===== DATA RECORDS =====
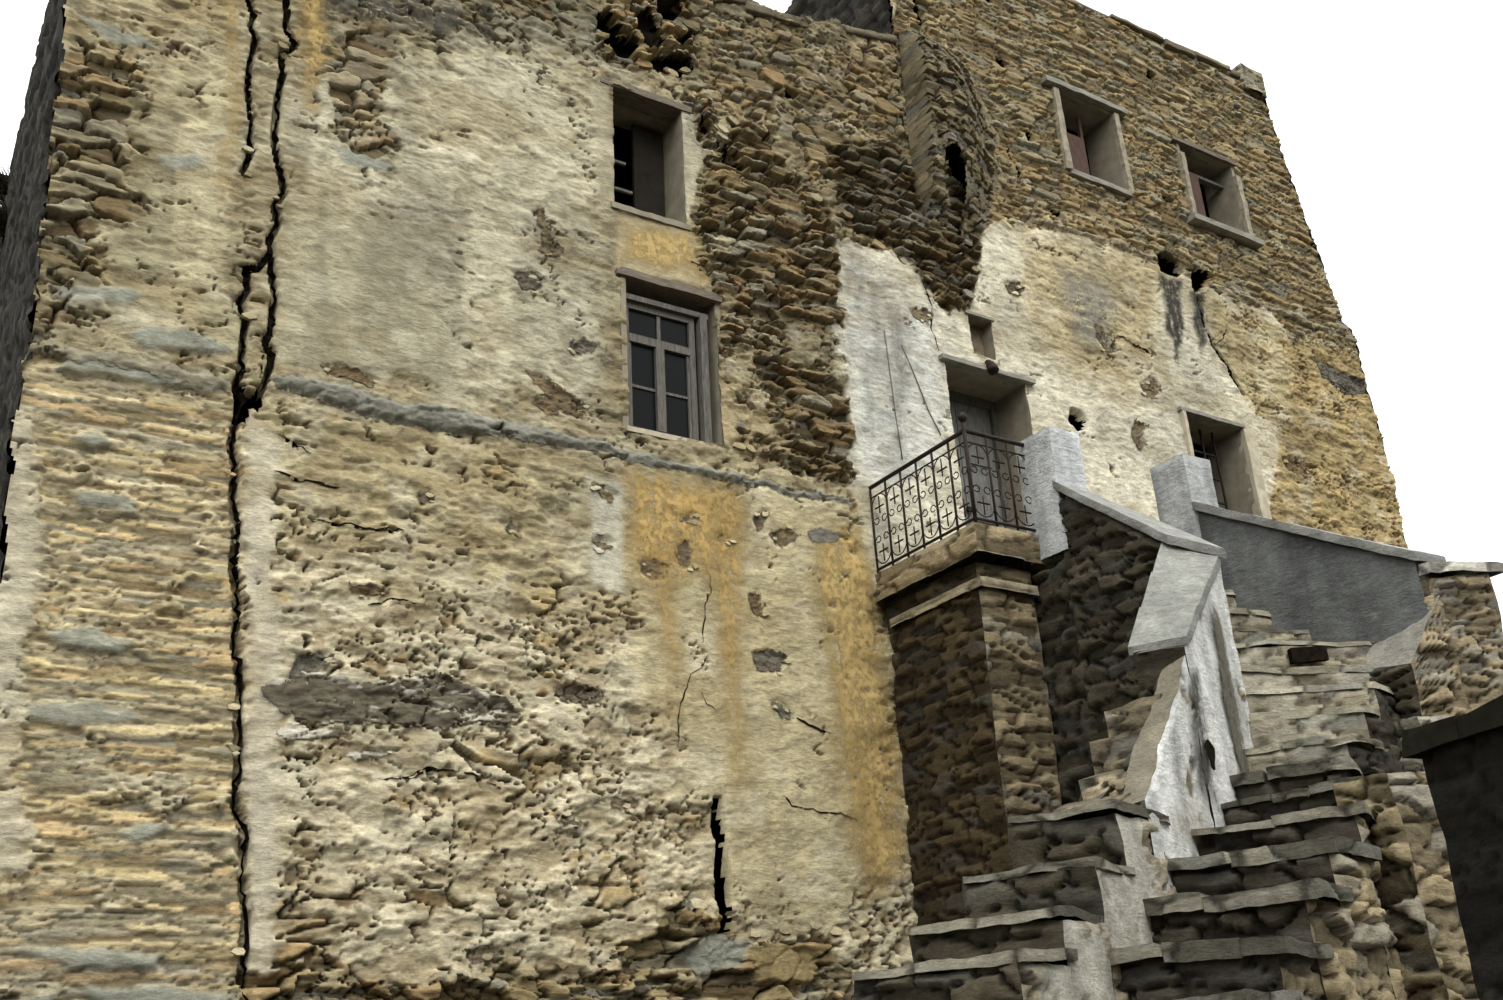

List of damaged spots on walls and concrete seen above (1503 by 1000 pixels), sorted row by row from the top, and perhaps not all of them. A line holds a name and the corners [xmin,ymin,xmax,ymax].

flaking render [594,0,982,480]
water stain [1160,275,1206,357]
crack [226,0,300,1000]
crack [275,434,403,533]
spalling [285,652,336,684]
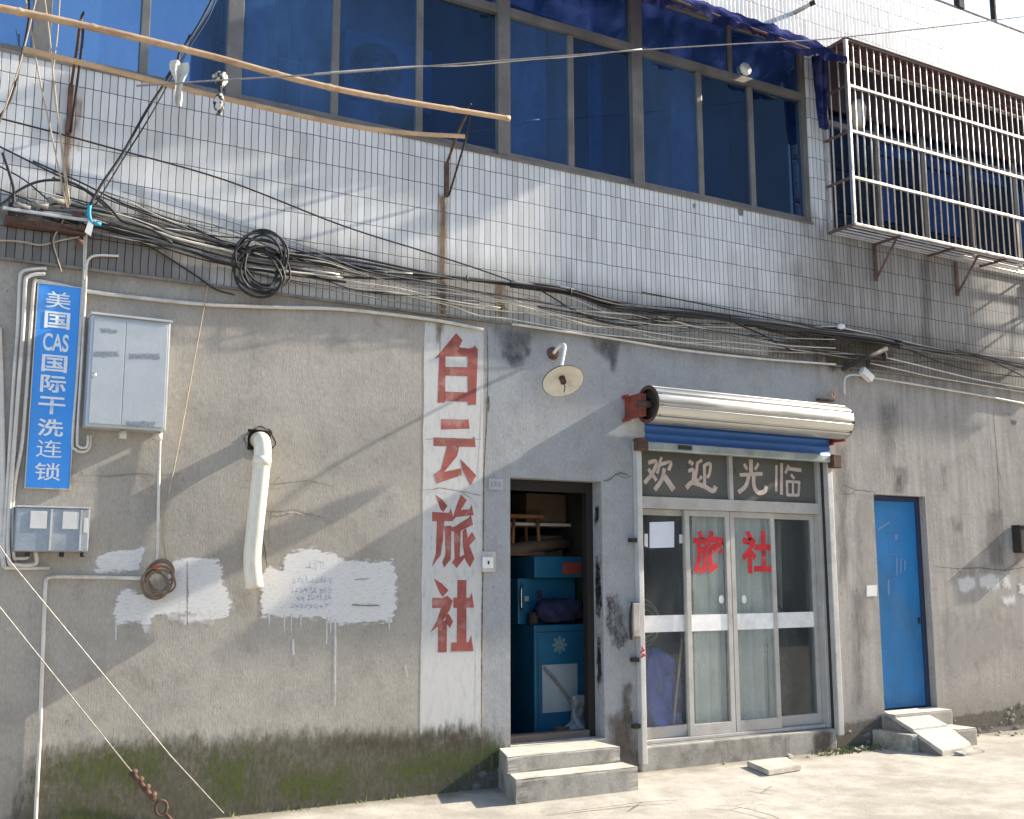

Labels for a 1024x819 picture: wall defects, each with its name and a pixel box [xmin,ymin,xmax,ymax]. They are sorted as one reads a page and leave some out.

corrosion [437,196,445,339]
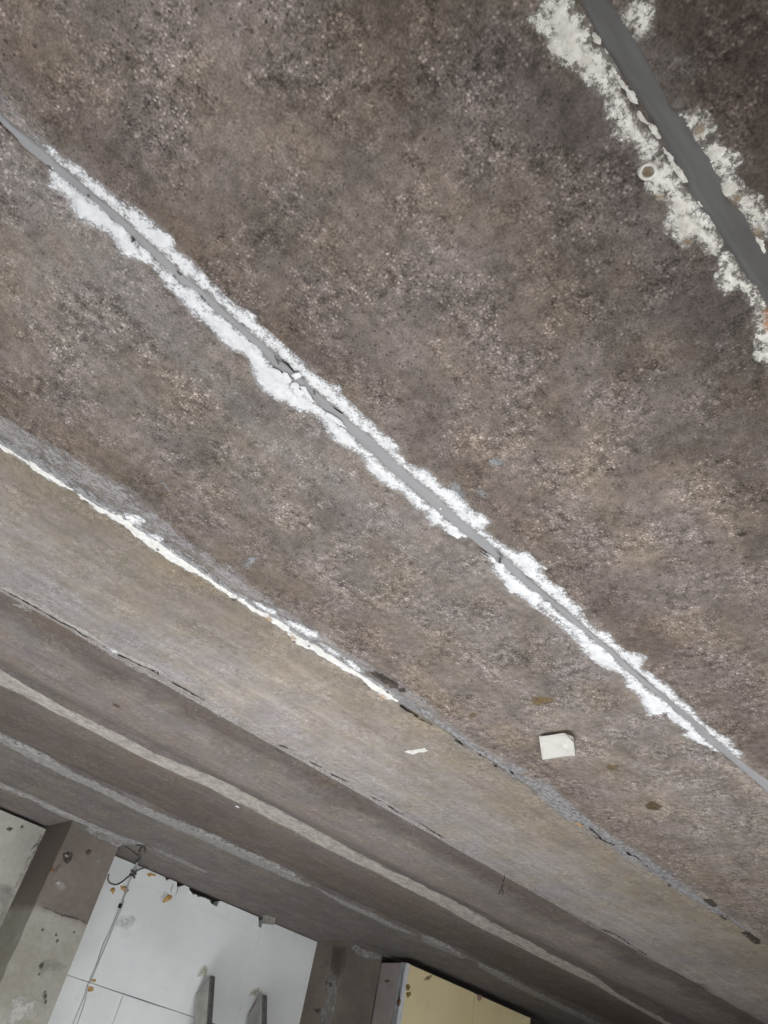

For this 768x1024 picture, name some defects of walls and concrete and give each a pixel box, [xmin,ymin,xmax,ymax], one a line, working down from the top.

water stain [529,0,768,364]
water stain [0,96,743,758]
crack [2,589,206,702]
crack [399,704,433,726]
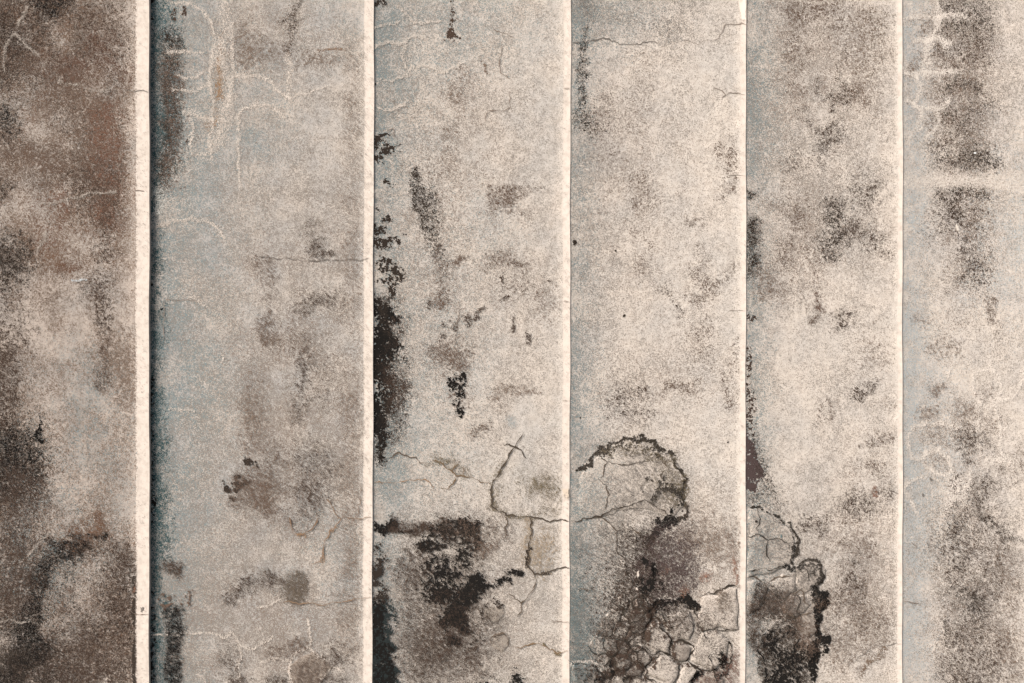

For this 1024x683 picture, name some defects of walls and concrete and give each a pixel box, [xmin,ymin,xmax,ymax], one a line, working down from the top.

mould [374,133,402,165]
damp [373,165,471,467]
damp [0,414,66,517]
damp [0,531,108,683]
damp [372,461,561,683]
crack [289,435,816,683]
spalling [624,509,715,615]
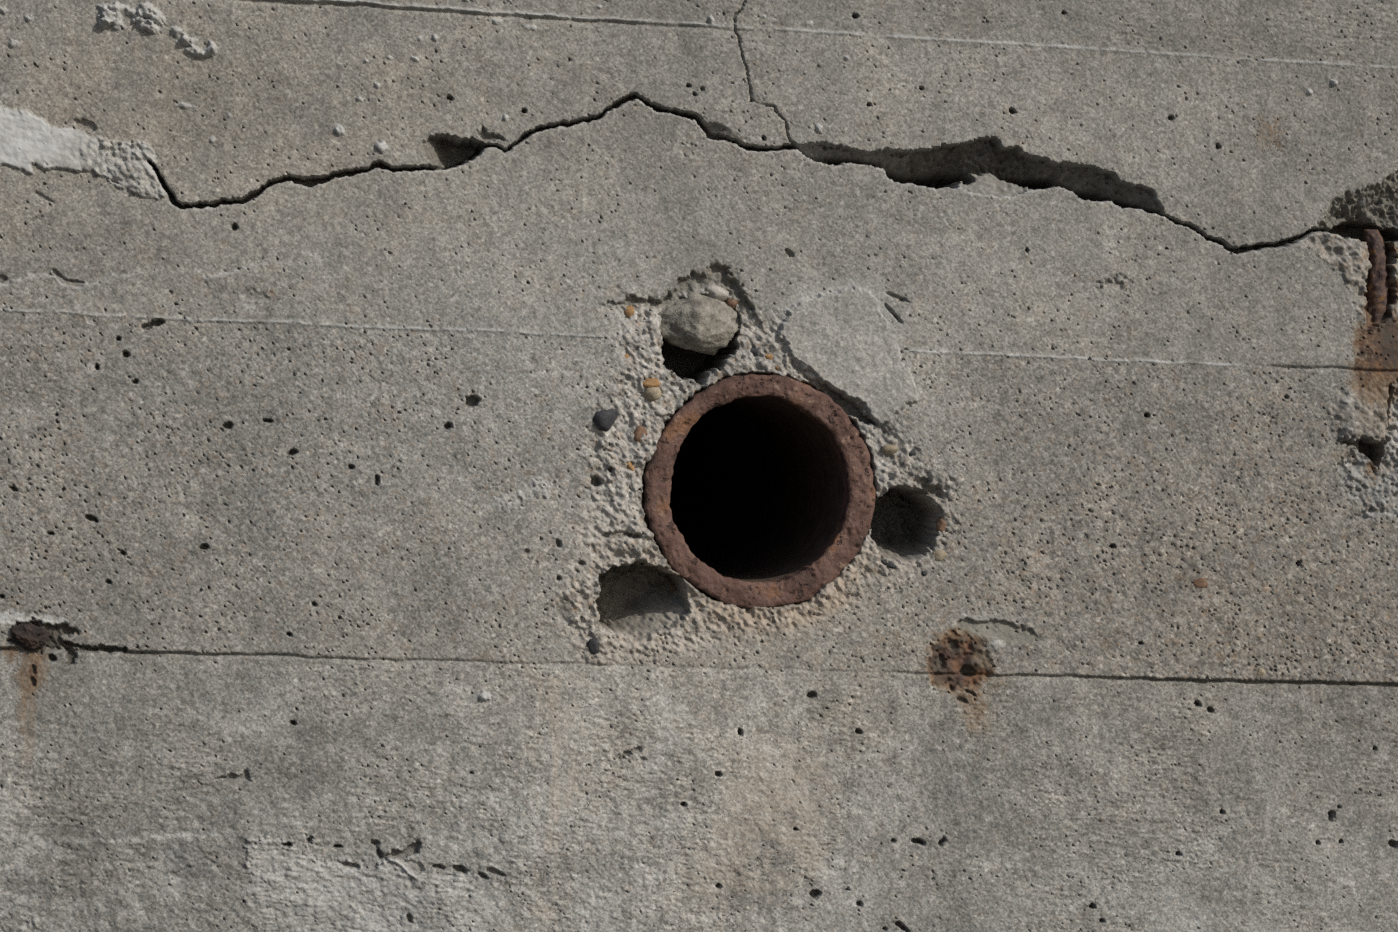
=====
- **WORK ITEM**
From the first line to the last, set down the records exactly, leaving out images.

- **RESPONSE TO THE TASK**
List of damaged spots on walls and concrete seen above (1503 by 1000 pixels), sorted row by row from the top, and perhaps not all of them. A line holds a name and the corners [xmin,ymin,xmax,ymax].

flaking render [594,0,982,480]
water stain [1160,275,1206,357]
crack [226,0,300,1000]
crack [275,434,403,533]
spalling [285,652,336,684]

Labels for a 1024x819 picture: wall defects, each with its name and a pixel box [xmin,ymin,xmax,ymax]. They are sorted as one reads a page and leave some out.

corrosion [437,196,445,339]

For this 768x1024 picture, name some defects of walls and concrete and give each a pixel box, [xmin,ymin,xmax,ymax], one a line, working down from the top.

water stain [529,0,768,364]
water stain [0,96,743,758]
crack [2,589,206,702]
crack [399,704,433,726]

For this 1024x683 picture, name some defects of walls and concrete and give each a pixel box, [xmin,ymin,xmax,ymax], one a line, working down from the top.

mould [374,133,402,165]
damp [373,165,471,467]
damp [0,414,66,517]
damp [0,531,108,683]
damp [372,461,561,683]
crack [289,435,816,683]
spalling [624,509,715,615]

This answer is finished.